Limitations and Future Research Directions
This article has several limitations that should be acknowledged. First, the cultural specificity of the DAWN Cafe context in Japan may limit the generalizability of our findings. Japan’s cultural familiarity with robotics and social tolerance for mediated human-machine interactions may not translate easily to other regions. Future research should test the MH/MA framework in diverse cultural contexts to understand how societal attitudes, labor norms, and disability inclusion policies affect adoption and perception. Second, the reliance on qualitative data, including interviews, observations, and document analysis, presents challenges in quantifying and comparing results. We understand that qualitative data collection was appropriate for understanding and describing the real-life phenomenon at DAWN Cafe, but future research could benefit from incorporating quantitative analysis to further validate and expand upon our findings.

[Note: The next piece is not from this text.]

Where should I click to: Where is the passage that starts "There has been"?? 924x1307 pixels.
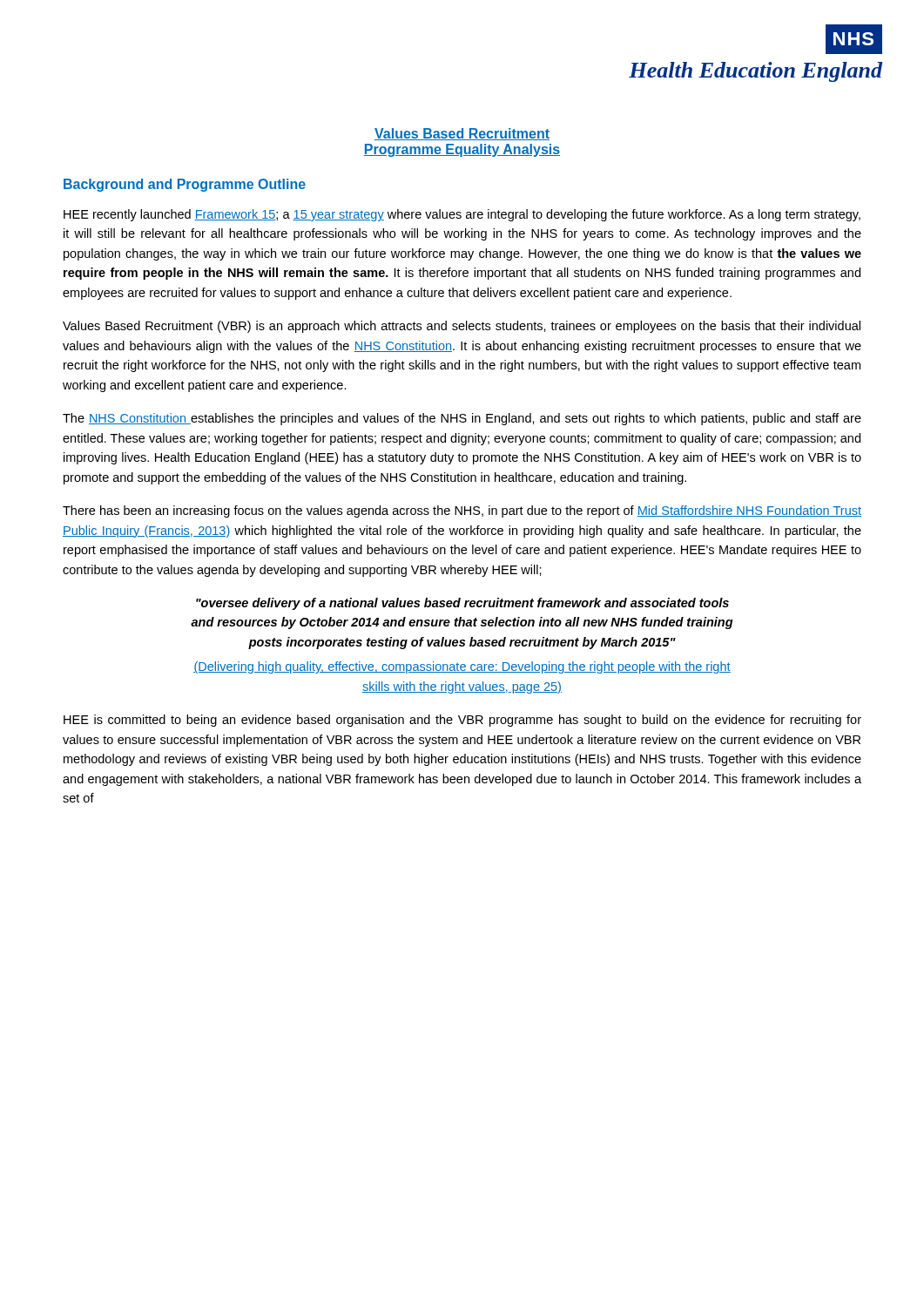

Future research should focus on several key areas: developing training programs for MH/MA systems and assessing the long-term impacts on various stakeholders, including employees, customers, and service providers. Expanding opportunities for research and implementing actionable activities in the public sector can also be highly beneficial, as suggested by Reis et al. (2019). Moreover, exploring the integration of AI-driven features into MH/MA architectures, and potentially creating a Multi-Human/Multi-Avatar+AI (MH/MA+AI) model can enhance the sophistication and appeal of such service environments. This exploration can lead to a more comprehensive understanding of how AI can facilitate effective teamwork and personalized service in high-touch environments.
Footnotes
Acknowledgements
The author extends deep gratitude to all the experts and respondents whose participation was indispensable to this investigation.
Funding
The author received no financial support for the research, authorship, and/or publication of this article.
Declaration of Conflicting Interests
The author declared no potential conflicts of interest with respect to the research, authorship, and/or publication of this article.
Data Availability Statement
Data can be provided upon request to the author.